Той самой осенью, когда Николай Пирогов явился на свет, Наполеон Бонапарт окончательно свыкся с мыслью, что ключ к мировому владычеству ждет его в Москве, и приказал доставить ему всевозможные книги о России — ее прошлом и настоящем, ее географии, статистике, быте, правителях и народе.
Глядя на звезду, повисшую над Москвой и едва не полнеба рассекшую сияющим хвостом, наисмелейшие из прорицателей обещали, что армия неприятельская с превеликой быстротой нахлынет на Россию, но обратное ее движение будет еще быстрее…
«Что это такое было?.. — на закате дней размышлял Пирогов об этой навсегда запавшей в память звезде. — Следствие слышанных в ребячестве длинных рассказов о комете 1812 года или оставшееся в мозгу впечатление действительно виденной мной в то время, двухлетним ребенком, кометы?..»
Видение? Или след былого? Или таинственное слияние того и другого — образ звезды, под которой родился, звезды — судьбы? Всего дороже, что он о звезде постоянно помнил.
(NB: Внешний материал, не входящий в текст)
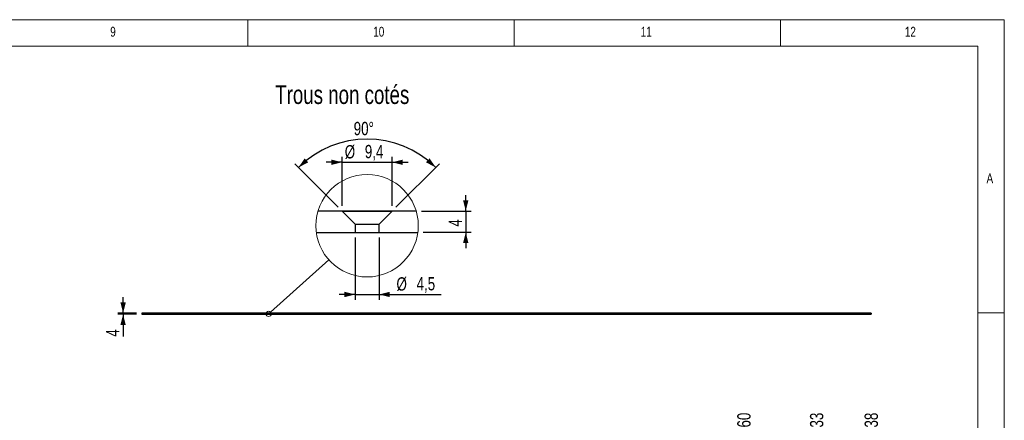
# Model space of a CAD drawing. Header units: millimetres. Extents: x 5 to 589, y 5 to 415.
# Tile 12 of 12: x 404 to 589, y 340 to 415. Entities that reach past the tile are written whole.
import ezdxf

# ---------------------------------------------------------------- set-up
doc = ezdxf.new("R2010")
doc.units = ezdxf.units.MM
doc.linetypes.add('HIDDEN', pattern=[1.905, 1.27, -0.635])
for name, color, linetype in [('COTES', 1, 'Continuous'), ('NOTES', 6, 'Continuous'), ('TRAIT-TIRET', 2, 'HIDDEN')]:
    doc.layers.add(name, color=color, linetype=linetype)
doc.layers.add('TRAIT-FORT', color=4, linetype='Continuous', lineweight=25)
doc.styles.add('SLDTEXTSTYLE0', font='TXT', dxfattribs={"width": 0.75})
doc.dimstyles.new('SLDDIMSTYLE1', dxfattribs={"dimtxt": 2.5, "dimasz": 2, "dimexe": 0, "dimexo": 0.0625, "dimtad": 0, "dimtih": 1, "dimtoh": 1, "dimdec": 0, "dimlfac": 20, "dimrnd": 1e-09, "dimzin": 12, "dimdsep": 46, "dimtxsty": 'SLDTEXTSTYLE0', "dimsah": 1, "dimcen": 0.09, "dimadec": 0, "dimazin": 3, "dimtfac": 1, "dimtdec": 0, "dimtofl": 0, "dimtmove": 0, "dimatfit": 3, "dimfxl": 1, "dimfrac": 2, "dimtolj": 1, "dimtzin": 12, "dimarcsym": 0})
doc.dimstyles.new('SLDDIMSTYLE10', dxfattribs={"dimtxt": 2.5, "dimasz": 2, "dimexe": 0, "dimexo": 0.0625, "dimtad": 1, "dimdec": 0, "dimrnd": 1e-09, "dimzin": 12, "dimdsep": 46, "dimtxsty": 'SLDTEXTSTYLE0', "dimsah": 1, "dimcen": 0.09, "dimadec": 0, "dimazin": 3, "dimtfac": 1, "dimtdec": 0, "dimtmove": 0, "dimatfit": 0, "dimfxl": 1, "dimfrac": 2, "dimtolj": 1, "dimtzin": 12, "dimarcsym": 0})
doc.dimstyles.new('SLDDIMSTYLE6', dxfattribs={"dimtxt": 2.5, "dimasz": 2, "dimexe": 0, "dimexo": 0.0625, "dimtad": 1, "dimdec": 0, "dimlfac": 20, "dimrnd": 1e-09, "dimzin": 12, "dimdsep": 46, "dimtxsty": 'SLDTEXTSTYLE0', "dimsah": 1, "dimcen": 0.09, "dimadec": 0, "dimazin": 3, "dimtfac": 1, "dimtdec": 0, "dimtmove": 0, "dimatfit": 0, "dimfxl": 1, "dimfrac": 2, "dimtolj": 1, "dimtzin": 12, "dimarcsym": 0})
doc.dimstyles.new('SLDDIMSTYLE7', dxfattribs={"dimtxt": 0.18, "dimasz": 2, "dimexe": 0, "dimexo": 0.0625, "dimgap": 0, "dimtad": 0, "dimtih": 1, "dimtoh": 1, "dimdec": 0, "dimrnd": 1e-09, "dimzin": 0, "dimdsep": 46, "dimtxsty": 'Standard', "dimblk1": 'NONE', "dimblk2": 'NONE', "dimsah": 1, "dimcen": 0.09, "dimadec": 0, "dimazin": 0, "dimtfac": 2, "dimtdec": 0, "dimtofl": 0, "dimtmove": 0, "dimatfit": 3, "dimldrblk": 'NONE', "dimfxl": 1, "dimfrac": 2, "dimtolj": 1, "dimtzin": 0, "dimarcsym": 0})
doc.dimstyles.new('SLDDIMSTYLE8', dxfattribs={"dimtxt": 2.5, "dimasz": 2, "dimexe": 0, "dimexo": 0.0625, "dimtad": 1, "dimdec": 1, "dimrnd": 1e-09, "dimzin": 12, "dimdsep": 46, "dimtxsty": 'SLDTEXTSTYLE0', "dimsah": 1, "dimcen": 0.09, "dimadec": 0, "dimazin": 3, "dimtfac": 1, "dimtdec": 1, "dimtmove": 0, "dimatfit": 0, "dimfxl": 1, "dimfrac": 2, "dimtolj": 1, "dimtzin": 12, "dimarcsym": 0})
doc.dimstyles.new('SLDDIMSTYLE9', dxfattribs={"dimtxt": 2.5, "dimasz": 2, "dimexe": 0, "dimexo": 0.0625, "dimtad": 1, "dimdec": 4, "dimzin": 12, "dimdsep": 46, "dimtxsty": 'SLDTEXTSTYLE0', "dimsah": 1, "dimcen": 0.09, "dimazin": 3, "dimtfac": 1, "dimtofl": 0, "dimtmove": 0, "dimatfit": 3, "dimfxl": 1, "dimfrac": 2, "dimtolj": 1, "dimtzin": 12, "dimarcsym": 0})

# ---------------------------------------------------------------- blocks, each defined once
blk = doc.blocks.new('_D_2')
at = {"layer": 'COTES', "color": 1, "transparency": 16777216}
for p, q in [((431.11, 334.66), (540.11, 334.66)), ((540.11, 201.83), (540.11, 335.66))]:
    blk.add_line(p, q, dxfattribs=at)
blk.add_solid([(540.11, 334.66), (538.11, 335.16), (538.11, 334.16)], dxfattribs=at)
at = {"layer": 'COTES', "color": 1, "transparency": 16777216, "insert": (538.87, 335.66), "char_height": 2.5, "attachment_point": 1, "rotation": 90, "style": 'SLDTEXTSTYLE0'}
blk.add_mtext('2260', dxfattribs=at)
blk = doc.blocks.new('_D_3')
at = {"layer": 'COTES', "color": 1, "transparency": 16777216}
for p, q in [((540.11, 334.66), (553.76, 334.66)), ((553.76, 324.98), (553.76, 335.66))]:
    blk.add_line(p, q, dxfattribs=at)
blk.add_solid([(553.76, 334.66), (551.76, 335.16), (551.76, 334.16)], dxfattribs=at)
at = {"layer": 'COTES', "color": 1, "transparency": 16777216, "insert": (552.52, 335.66), "char_height": 2.5, "attachment_point": 1, "rotation": 90, "style": 'SLDTEXTSTYLE0'}
blk.add_mtext('2533', dxfattribs=at)
blk = doc.blocks.new('_D_4')
at = {"layer": 'COTES', "color": 1, "transparency": 16777216}
for p, q in [((553.76, 334.66), (564.01, 334.66)), ((564.01, 200.48), (564.01, 335.66))]:
    blk.add_line(p, q, dxfattribs=at)
blk.add_solid([(564.01, 334.66), (562.01, 335.16), (562.01, 334.16)], dxfattribs=at)
at = {"layer": 'COTES', "color": 1, "transparency": 16777216, "insert": (562.77, 335.66), "char_height": 2.5, "attachment_point": 1, "rotation": 90, "style": 'SLDTEXTSTYLE0'}
blk.add_mtext('2738', dxfattribs=at)
blk = doc.blocks.new('_D_163')
at = {"layer": 'COTES', "color": 1, "transparency": 16777216}
for p, q in [((423.58, 359.92), (423.58, 362.92)), ((426.11, 359.92), (422.58, 359.92)), ((426.11, 359.72), (422.58, 359.72)), ((423.58, 359.92), (423.58, 359.72)), ((423.58, 359.72), (423.58, 355.51))]:
    blk.add_line(p, q, dxfattribs=at)
for points in [[(423.58, 359.92), (424.08, 361.92), (423.08, 361.92)], [(423.58, 359.72), (423.08, 357.72), (424.08, 357.72)]]:
    blk.add_solid(points, dxfattribs=at)
at = {"layer": 'COTES', "color": 1, "transparency": 16777216, "insert": (420.36, 355.51), "char_height": 2.5, "attachment_point": 1, "rotation": 90, "style": 'SLDTEXTSTYLE0'}
blk.add_mtext('4', dxfattribs=at)
blk = doc.blocks.new('_None')
blk = doc.blocks.new('_D_164')
at = {"layer": 'COTES', "color": 1, "transparency": 16777216}
for p, q in [((464.69, 388.24), (461.69, 388.24)), ((464.69, 380.09), (464.69, 389.24)), ((464.69, 388.24), (474.09, 388.24)), ((474.09, 380.09), (474.09, 389.24)), ((474.09, 388.24), (477.09, 388.24))]:
    blk.add_line(p, q, dxfattribs=at)
for points in [[(464.69, 388.24), (462.69, 388.74), (462.69, 387.74)], [(474.09, 388.24), (476.09, 387.74), (476.09, 388.74)]]:
    blk.add_solid(points, dxfattribs=at)
at = {"layer": 'COTES', "color": 1, "transparency": 16777216, "char_height": 2.5, "attachment_point": 1, "style": 'SLDTEXTSTYLE0'}
for s, insert in [('%%c', (465.19, 391.46)), ('9,4', (468.96, 391.5))]:
    blk.add_mtext(s, dxfattribs=dict(at, insert=insert))
blk = doc.blocks.new('_D_165')
at = {"layer": 'COTES', "color": 1, "transparency": 16777216}
for p, q in [((467.14, 374.09), (467.14, 362.43)), ((471.64, 374.09), (471.64, 362.43)), ((467.14, 363.43), (464.14, 363.43)), ((467.14, 363.43), (471.64, 363.43)), ((471.64, 363.43), (483.29, 363.43))]:
    blk.add_line(p, q, dxfattribs=at)
for points in [[(467.14, 363.43), (465.14, 363.93), (465.14, 362.93)], [(471.64, 363.43), (473.64, 362.93), (473.64, 363.93)]]:
    blk.add_solid(points, dxfattribs=at)
at = {"layer": 'COTES', "color": 1, "transparency": 16777216, "char_height": 2.5, "attachment_point": 1, "style": 'SLDTEXTSTYLE0'}
for s, insert in [('%%c', (474.9, 366.65)), ('4,5', (478.67, 366.69))]:
    blk.add_mtext(s, dxfattribs=dict(at, insert=insert))
blk = doc.blocks.new('_D_166')
at = {"layer": 'COTES', "color": 1, "transparency": 16777216}
for p, q in [((463.98, 379.79), (455.8, 387.97)), ((474.79, 379.79), (482.97, 387.97))]:
    blk.add_line(p, q, dxfattribs=at)
blk.add_arc((469.39, 374.39), 18.21, 45, 135, dxfattribs=at)
for points in [[(456.51, 387.27), (458.33, 388.23), (457.66, 388.97)], [(482.27, 387.27), (481.11, 388.97), (480.44, 388.23)]]:
    blk.add_solid(points, dxfattribs=at)
at = {"layer": 'COTES', "color": 1, "transparency": 16777216, "insert": (466.87, 395.82), "char_height": 2.5, "attachment_point": 1, "style": 'SLDTEXTSTYLE0'}
blk.add_mtext('90°', dxfattribs=at)
blk = doc.blocks.new('_D_167')
at = {"layer": 'COTES', "color": 1, "transparency": 16777216}
for p, q in [((487.9, 379.09), (487.9, 382.09)), ((479.6, 379.09), (488.9, 379.09)), ((487.9, 379.09), (487.9, 375.09)), ((479.92, 375.09), (488.9, 375.09)), ((487.9, 375.09), (487.9, 372.09))]:
    blk.add_line(p, q, dxfattribs=at)
for points in [[(487.9, 379.09), (488.4, 381.09), (487.4, 381.09)], [(487.9, 375.09), (487.4, 373.09), (488.4, 373.09)]]:
    blk.add_solid(points, dxfattribs=at)
at = {"layer": 'COTES', "color": 1, "transparency": 16777216, "insert": (484.67, 376.16), "char_height": 2.5, "attachment_point": 1, "rotation": 90, "style": 'SLDTEXTSTYLE0'}
blk.add_mtext('4', dxfattribs=at)

msp = doc.modelspace()

# ---------------------------------------------------------------- linework, layer by layer
at = {"color": 7, "linetype": 'Continuous', "lineweight": 18}
for p, q in [((589, 415), (5, 415)), ((447, 410), (447, 415)), ((497, 415), (497, 410)), ((547, 410), (547, 415)), ((589, 5), (589, 415)), ((584, 410), (10, 410)), ((584, 10), (584, 410)), ((584, 360), (589, 360))]:
    msp.add_line(p, q, dxfattribs=at)
for centre, radius in [((469.38604, 376.32962), 9.61565), ((450.90631, 359.78394), 0.48078)]:
    msp.add_circle(centre, radius, dxfattribs=at)
at = {"layer": 'TRAIT-FORT', "color": 4, "linetype": 'Continuous', "lineweight": 25}
for p, q in [((478.59709, 379.08677), (460.17496, 379.08677)), ((464.68602, 379.08677), (467.13601, 376.63677)), ((464.68602, 379.08677), (467.13601, 376.63677)), ((464.68602, 379.08677), (467.13601, 376.63677)), ((464.68602, 379.08677), (467.13601, 376.63677)), ((464.68602, 379.08677), (467.13601, 376.63677)), ((464.68602, 379.08677), (467.13601, 376.63677)), ((464.68602, 379.08677), (467.13601, 376.63677)), ((464.68602, 379.08677), (467.13601, 376.63677)), ((464.68602, 379.08677), (467.13601, 376.63677)), ((464.68602, 379.08677), (474.08603, 379.08677)), ((471.63604, 376.63677), (474.08603, 379.08677)), ((471.63604, 376.63677), (474.08603, 379.08677)), ((471.63604, 376.63677), (474.08603, 379.08677)), ((471.63604, 376.63677), (474.08603, 379.08677)), ((471.63604, 376.63677), (474.08603, 379.08677)), ((471.63604, 376.63677), (474.08603, 379.08677)), ((471.63604, 376.63677), (474.08603, 379.08677)), ((471.63604, 376.63677), (474.08603, 379.08677)), ((471.63604, 376.63677), (474.08603, 379.08677)), ((467.13601, 376.63677), (467.13601, 375.08677)), ((467.13601, 376.63677), (467.13601, 375.08677)), ((467.13601, 376.63677), (467.13601, 375.08677)), ((467.13601, 376.63677), (467.13601, 375.08677)), ((467.13601, 376.63677), (467.13601, 375.08677)), ((467.13601, 376.63677), (467.13601, 375.08677)), ((467.13601, 376.63677), (467.13601, 375.08677)), ((467.13601, 376.63677), (467.13601, 375.08677)), ((467.13601, 376.63677), (467.13601, 375.08677)), ((467.13601, 376.63677), (471.63604, 376.63677)), ((471.63604, 375.08677), (471.63604, 376.63677)), ((471.63604, 375.08677), (471.63604, 376.63677)), ((471.63604, 375.08677), (471.63604, 376.63677)), ((471.63604, 375.08677), (471.63604, 376.63677)), ((471.63604, 375.08677), (471.63604, 376.63677)), ((471.63604, 375.08677), (471.63604, 376.63677)), ((471.63604, 375.08677), (471.63604, 376.63677)), ((471.63604, 375.08677), (471.63604, 376.63677)), ((471.63604, 375.08677), (471.63604, 376.63677)), ((459.85071, 375.08677), (478.92134, 375.08677)), ((467.13601, 375.08677), (471.63604, 375.08677)), ((427.10631, 359.92193), (427.10631, 359.72193)), ((564.00631, 359.92193), (427.10631, 359.92193)), ((427.10631, 359.72193), (564.00631, 359.72193)), ((564.00631, 359.92193), (564.00631, 359.72193))]:
    msp.add_line(p, q, dxfattribs=at)
at = {"layer": 'TRAIT-TIRET', "color": 2}
for p, q in [((429.98131, 359.92193), (429.98131, 359.72193)), ((430.37131, 359.92193), (430.49381, 359.79943)), ((430.49381, 359.79943), (430.71881, 359.79943)), ((430.49381, 359.79943), (430.49381, 359.72193)), ((430.71881, 359.79943), (430.84131, 359.92193)), ((430.71881, 359.72193), (430.71881, 359.79943)), ((430.77131, 359.92193), (430.89381, 359.79943)), ((430.89381, 359.79943), (431.11881, 359.79943)), ((430.89381, 359.79943), (430.89381, 359.72193)), ((431.11881, 359.79943), (431.24131, 359.92193)), ((431.11881, 359.72193), (431.11881, 359.79943)), ((431.23131, 359.72193), (431.23131, 359.92193)), ((431.77131, 359.92193), (431.89381, 359.79943)), ((431.89381, 359.79943), (432.11881, 359.79943)), ((431.89381, 359.79943), (431.89381, 359.72193)), ((432.11881, 359.79943), (432.24131, 359.92193)), ((432.11881, 359.72193), (432.11881, 359.79943)), ((440.72131, 359.92193), (440.84381, 359.79943)), ((440.84381, 359.79943), (441.06881, 359.79943)), ((440.84381, 359.79943), (440.84381, 359.72193)), ((441.06881, 359.79943), (441.19131, 359.92193)), ((441.06881, 359.72193), (441.06881, 359.79943)), ((441.72131, 359.92193), (441.84381, 359.79943)), ((441.84381, 359.79943), (442.06881, 359.79943)), ((441.84381, 359.79943), (441.84381, 359.72193)), ((442.06881, 359.79943), (442.19131, 359.92193)), ((442.06881, 359.72193), (442.06881, 359.79943)), ((450.67131, 359.92193), (450.79381, 359.79943)), ((450.79381, 359.79943), (451.01881, 359.79943)), ((450.79381, 359.79943), (450.79381, 359.72193)), ((451.01881, 359.79943), (451.14131, 359.92193)), ((451.01881, 359.72193), (451.01881, 359.79943)), ((451.67131, 359.92193), (451.79381, 359.79943)), ((451.79381, 359.79943), (452.01881, 359.79943)), ((451.79381, 359.79943), (451.79381, 359.72193)), ((452.01881, 359.79943), (452.14131, 359.92193)), ((452.01881, 359.72193), (452.01881, 359.79943)), ((460.62131, 359.92193), (460.74381, 359.79943)), ((460.74381, 359.79943), (460.96881, 359.79943)), ((460.74381, 359.79943), (460.74381, 359.72193)), ((460.96881, 359.79943), (461.09131, 359.92193)), ((460.96881, 359.72193), (460.96881, 359.79943)), ((461.62131, 359.92193), (461.74381, 359.79943)), ((461.74381, 359.79943), (461.96881, 359.79943)), ((461.74381, 359.79943), (461.74381, 359.72193)), ((461.96881, 359.79943), (462.09131, 359.92193)), ((461.96881, 359.72193), (461.96881, 359.79943)), ((470.57131, 359.92193), (470.69381, 359.79943)), ((470.69381, 359.79943), (470.91881, 359.79943)), ((470.69381, 359.79943), (470.69381, 359.72193)), ((470.91881, 359.79943), (471.04131, 359.92193)), ((470.91881, 359.72193), (470.91881, 359.79943)), ((471.57131, 359.92193), (471.69381, 359.79943)), ((471.69381, 359.79943), (471.91881, 359.79943)), ((471.69381, 359.79943), (471.69381, 359.72193)), ((471.91881, 359.79943), (472.04131, 359.92193)), ((471.91881, 359.72193), (471.91881, 359.79943)), ((480.52131, 359.92193), (480.64381, 359.79943)), ((480.64381, 359.79943), (480.86881, 359.79943)), ((480.64381, 359.79943), (480.64381, 359.72193)), ((480.86881, 359.79943), (480.99131, 359.92193)), ((480.86881, 359.72193), (480.86881, 359.79943)), ((481.52131, 359.92193), (481.64381, 359.79943)), ((481.64381, 359.79943), (481.86881, 359.79943)), ((481.64381, 359.79943), (481.64381, 359.72193)), ((481.86881, 359.79943), (481.99131, 359.92193)), ((481.86881, 359.72193), (481.86881, 359.79943)), ((490.47131, 359.92193), (490.59381, 359.79943)), ((490.59381, 359.79943), (490.81881, 359.79943)), ((490.59381, 359.79943), (490.59381, 359.72193)), ((490.81881, 359.79943), (490.94131, 359.92193)), ((490.81881, 359.72193), (490.81881, 359.79943)), ((491.47131, 359.92193), (491.59381, 359.79943)), ((491.59381, 359.79943), (491.81881, 359.79943)), ((491.59381, 359.79943), (491.59381, 359.72193)), ((491.81881, 359.79943), (491.94131, 359.92193)), ((491.81881, 359.72193), (491.81881, 359.79943)), ((494.77131, 359.92193), (494.89381, 359.79943)), ((494.89381, 359.79943), (495.11881, 359.79943)), ((494.89381, 359.79943), (494.89381, 359.72193)), ((495.11881, 359.79943), (495.24131, 359.92193)), ((495.11881, 359.72193), (495.11881, 359.79943)), ((500.42131, 359.92193), (500.54381, 359.79943)), ((500.54381, 359.79943), (500.76881, 359.79943)), ((500.54381, 359.79943), (500.54381, 359.72193)), ((500.76881, 359.79943), (500.89131, 359.92193)), ((500.76881, 359.72193), (500.76881, 359.79943)), ((501.42131, 359.92193), (501.54381, 359.79943)), ((501.54381, 359.79943), (501.76881, 359.79943)), ((501.54381, 359.79943), (501.54381, 359.72193)), ((501.76881, 359.79943), (501.89131, 359.92193)), ((501.76881, 359.72193), (501.76881, 359.79943)), ((510.37131, 359.92193), (510.49381, 359.79943)), ((510.49381, 359.79943), (510.71881, 359.79943)), ((510.49381, 359.79943), (510.49381, 359.72193)), ((510.71881, 359.79943), (510.84131, 359.92193)), ((510.71881, 359.72193), (510.71881, 359.79943)), ((511.37131, 359.92193), (511.49381, 359.79943)), ((511.49381, 359.79943), (511.71881, 359.79943)), ((511.49381, 359.79943), (511.49381, 359.72193)), ((511.71881, 359.79943), (511.84131, 359.92193)), ((511.71881, 359.72193), (511.71881, 359.79943)), ((520.32131, 359.92193), (520.44381, 359.79943)), ((520.44381, 359.79943), (520.66881, 359.79943)), ((520.44381, 359.79943), (520.44381, 359.72193)), ((520.66881, 359.79943), (520.79131, 359.92193)), ((520.66881, 359.72193), (520.66881, 359.79943)), ((521.32131, 359.92193), (521.44381, 359.79943)), ((521.44381, 359.79943), (521.66881, 359.79943)), ((521.44381, 359.79943), (521.44381, 359.72193)), ((521.66881, 359.79943), (521.79131, 359.92193)), ((521.66881, 359.72193), (521.66881, 359.79943)), ((530.27131, 359.92193), (530.39381, 359.79943)), ((530.39381, 359.79943), (530.61881, 359.79943)), ((530.39381, 359.79943), (530.39381, 359.72193)), ((530.61881, 359.79943), (530.74131, 359.92193)), ((530.61881, 359.72193), (530.61881, 359.79943)), ((531.27131, 359.92193), (531.39381, 359.79943)), ((531.39381, 359.79943), (531.61881, 359.79943)), ((531.39381, 359.79943), (531.39381, 359.72193)), ((531.61881, 359.79943), (531.74131, 359.92193)), ((531.61881, 359.72193), (531.61881, 359.79943)), ((539.48131, 359.92193), (539.48131, 359.72193)), ((540.22131, 359.92193), (540.34381, 359.79943)), ((540.34381, 359.79943), (540.56881, 359.79943)), ((540.34381, 359.79943), (540.34381, 359.72193)), ((540.56881, 359.79943), (540.69131, 359.92193)), ((540.56881, 359.72193), (540.56881, 359.79943)), ((540.73131, 359.72193), (540.73131, 359.92193)), ((541.22131, 359.92193), (541.34381, 359.79943)), ((541.34381, 359.79943), (541.56881, 359.79943)), ((541.34381, 359.79943), (541.34381, 359.72193)), ((541.56881, 359.79943), (541.69131, 359.92193)), ((541.56881, 359.72193), (541.56881, 359.79943)), ((550.17131, 359.92193), (550.29381, 359.79943)), ((550.29381, 359.79943), (550.51881, 359.79943)), ((550.29381, 359.79943), (550.29381, 359.72193)), ((550.51881, 359.79943), (550.64131, 359.92193)), ((550.51881, 359.72193), (550.51881, 359.79943)), ((551.17131, 359.92193), (551.29381, 359.79943)), ((551.29381, 359.79943), (551.51881, 359.79943)), ((551.29381, 359.79943), (551.29381, 359.72193)), ((551.51881, 359.79943), (551.64131, 359.92193)), ((551.51881, 359.72193), (551.51881, 359.79943)), ((553.75631, 359.72193), (553.75631, 359.92193)), ((560.77131, 359.92193), (560.89381, 359.79943)), ((560.89381, 359.79943), (561.11881, 359.79943)), ((560.89381, 359.79943), (560.89381, 359.72193)), ((561.11881, 359.79943), (561.24131, 359.92193)), ((561.11881, 359.72193), (561.11881, 359.79943))]:
    msp.add_line(p, q, dxfattribs=at)

# ---------------------------------------------------------------- texts
at = {"layer": 'NOTES', "color": 211, "attachment_point": 1, "style": 'SLDTEXTSTYLE0'}
for s, insert, char_height in [('9', (421.16667, 413.66802), 1.85208), ('10', (470.54167, 413.66802), 1.852083), ('11', (520.75001, 413.66802), 1.852083), ('12', (570.33334, 413.66802), 1.852083), ('Trous non cotés', (452.13955, 402.68239), 3.5), ('A', (585.66668, 386.16802), 1.85208)]:
    msp.add_mtext(s, dxfattribs=dict(at, insert=insert, char_height=char_height))

# ---------------------------------------------------------------- dimensions: what is measured, and where the dimension line sits
at = {"layer": 'COTES', "color": 1}
dim = msp.add_angular_dim_2l(base=(469.38602, 392.60151), line1=((471.63602, 376.63677), (474.08602, 379.08677)), line2=((464.68602, 379.08677), (467.13602, 376.63677)), dimstyle='SLDDIMSTYLE9', dxfattribs=at)
dim.commit()
dim.dimension.update_dxf_attribs({"geometry": '_D_166', "text_midpoint": (469.38602, 392.60151), "dimtype": 162})
for base, p1, p2, picture, middle in [((474.08602, 388.23968), (464.68602, 379.08677), (474.08602, 379.08677), '_D_164', (469.38602, 388.23968)), ((471.63602, 363.4254), (467.13602, 375.08677), (471.63602, 375.08677), '_D_165', (479.09825, 363.4254))]:
    dim = msp.add_linear_dim(base=base, p1=p1, p2=p2, text='%%c<>', dimstyle='SLDDIMSTYLE8', dxfattribs=at)
    dim.commit()
    dim.dimension.update_dxf_attribs({"geometry": picture, "text_midpoint": middle, "dimtype": 160})
for base, p1, p2, dimstyle, picture, middle in [((487.89755, 375.08677), (478.59709, 379.08677), (478.92134, 375.08677), 'SLDDIMSTYLE10', '_D_167', (487.89755, 377.08677)), ((423.58217, 359.72193), (427.10631, 359.92193), (427.10631, 359.72193), 'SLDDIMSTYLE6', '_D_163', (423.58217, 356.42991))]:
    dim = msp.add_linear_dim(base=base, p1=p1, p2=p2, angle=90, dimstyle=dimstyle, dxfattribs=at)
    dim.commit()
    dim.dimension.update_dxf_attribs({"geometry": picture, "text_midpoint": middle, "dimtype": 160})
for feature_location, offset, picture, middle in [((540.10631, 200.83447), (0, 134.82775), '_D_2', (540.10631, 339.35667)), ((553.75631, 323.98447), (0, 11.67775), '_D_3', (553.75631, 339.35667)), ((564.00631, 199.48447), (0, 136.17775), '_D_4', (564.00631, 339.35667))]:
    dim = msp.add_ordinate_dim(feature_location=feature_location, offset=offset, dtype=1, origin=(427.10631, 323.98447), dimstyle='SLDDIMSTYLE1', dxfattribs=at)
    dim.commit()
    dim.dimension.update_dxf_attribs({"geometry": picture, "text_midpoint": middle})

# ---------------------------------------------------------------- leaders
at = {"color": 7, "linetype": 'Continuous', "lineweight": 18, "has_arrowhead": 0}
msp.add_leader([(462.22169, 369.91346), (451.26452, 360.10461)], dimstyle='SLDDIMSTYLE7', dxfattribs=at)

doc.saveas('drawing.dxf')

Сколько твердили вокруг: «Не считай звезды, а гляди в ноги: ничего не найдешь, так хоть не упадешь», — а он все задирал голову и глядел на звезды, падал, не боялся того — лишь бы искать, найти.
В старости он сердился, что никто из учителей не указал ему, ребенку, в звездную ночь на небесный свод, благословлял свою няню, солдатскую вдову Катерину Михайловну, которая в праздничный день заставила его приметить над раскинутыми на зеленом пригорке шатрами, над пестро наряженной хмельной толпой черную грозовую тучу — помогла увидеть единство и противостояние земли и неба, помнил поразившее его в детстве изречение из попавшей в руки латинской хрестоматии: «Вселенная делится на две части — небо и землю».
Он глядел на звезды, оттого мир вокруг являлся ему необъятным, исполненным бесконечного разнообразия, движения, тайн.
Вскрывая трупы в анатомическом театре, копошась над изготовлением препаратов, накладывая швы или перевязывая раны, он не умел и не желал думать о том лишь, что перед ним, но обязательно жаждал знать, как и почему — устройство и причины; в каждой подробности он видел частицу необъятного.
«Что заставляет растение и животное принимать тот или другой характерный вид? Отчего семя и яйцо заключают в себе зародыш именно того же типа и вида, от которого они произошли? Что сцепляет атомы? Отчего мышечное движение переходит в теплоту, а теплота — в движение?..» Он расскажет современникам и потомкам про тысячи вопросов, мучивших его на пути к уразумению сущности вещей.
«Нам дан мозг, чтобы мыслить, или мы мыслим, потому что имеем мозг?» — спрашивал он. Или еще проще: «Нам даны ноги, чтобы ходить, или мы ходим, потому что у нас есть ноги?..»
Углубляясь в сущность какого-либо предмета, он не мог забыть, по собственному его признанию, о «странном плавании и кружении в беспредельном пространстве тяготеющих друг к другу шаровидных масс», о «существовании бесчисленных миров, составленных из одних и тех же вещественных атомов и отдаленных навеки один от другого едва вообразимыми по своей громадности пространствами».
Это по-ломоносовски:
От рождения он косил, и хотя с усмешкой, но, кажется, вполне серьезно говорил о себе, что ни на что смотреть и ни в чем убеждаться с одной стороны не может — непроизвольно норовит заглянуть на все и со стороны противоположной.
С младенчества был у него также постоянный шум в ушах: слушая будничную речь, звуки обыденной жизни, он как бы слышал одновременно бег морских волн, горные оползни, качание леса, движение людских толп…
Москва стояла прозрачная, как зимний лес, казалось, гулкая от простора: две трети с лишком домов погибло в пожаре двенадцатого года. Иные улицы гляделись большой дорогой среди ровного поля — по краям ни здания, лишь кое-где заборы, огораживающие пустыри. Каменные коробки в два и три этажа поднимались, выжженные до черноты: сквозь дыры окон светилось небо.